Run uptime to see load average 42.35 / 28.17 / 15.42. On a 24‑core machine this means ~1.76 runnable tasks per core, indicating saturation.

2. Global Scan – Qualitative Bottleneck Identification

2.1 top – CPU time distribution

$ top
...
%Cpu(s): 8.5 us, 5.2 sy, 32.1 id, 53.8 wa

The key finding is I/O wait (wa) = 53.8 %, while idle (id) = 32.1 % and user+system only 13.7 %, showing an I/O bottleneck.

2.2 vmstat – Confirm blocking

$ vmstat 1 5
...
b 38   # blocked (uninterruptible) processes
r 3    # run queue length

38 processes are blocked on I/O; CPU run queue is short, confirming the bottleneck lies in the I/O subsystem.

2.3 free – Memory and swap

$ free -h -w
Mem: 31G total, 14G used, 13G available
Swap: 4G total, 3G used

Memory is sufficient, but swap usage indicates some pressure.

2.4 First‑stage Summary

Bottleneck type: I/O (wa = 53.8 %, b = 38)

Resource status: CPU has headroom, memory OK, modest swap

Next step: Identify which process generates the heavy I/O.

3. Locating the I/O Source

3.1 iostat – Disk activity

$ iostat -xdm 1 3
Device  w/s   wkB/s   w_await  %util
vda    4500.3 360000 112.3   98.7

4500 writes per second, average write latency 112 ms, and 98.7 % utilization indicate a saturated SSD.

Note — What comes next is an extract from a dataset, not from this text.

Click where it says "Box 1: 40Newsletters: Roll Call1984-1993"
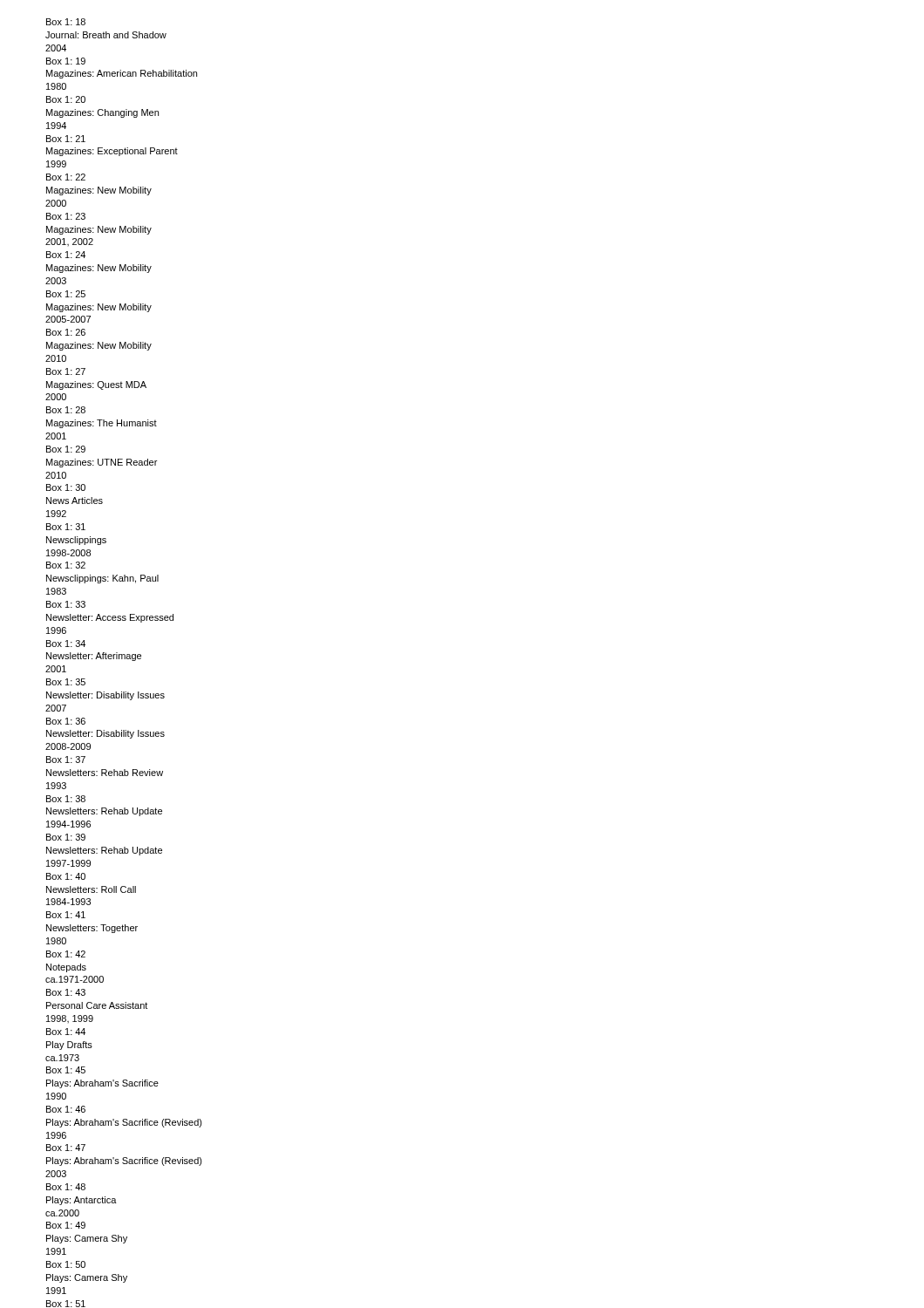 click(91, 889)

3.2 iotop – Process‑level I/O

$ iotop -o
... java 320 MB/s write, 95.2 % I/O wait
... nginx 3.84 MB/s read

The Java process accounts for almost all disk writes.

3.3 pidstat -d – Per‑process I/O

$ pidstat -d 1 3
PID   kB_wr/s   Command
3456  320000    java

3.4 File‑level verification

Using lsof shows the Java process keeps file descriptors open for app.log and app.log.1. The latter is a rotated log that is still being written to because the process holds the old file handle.

4. Root‑Cause Confirmation

4.1 Findings

Debug logging was enabled during the promotion, increasing log volume from ~20 MB/min to ~20 GB/min.

logrotate used the create option, which renames the current log and creates a new file, leaving the Java process writing to the renamed app.log.1.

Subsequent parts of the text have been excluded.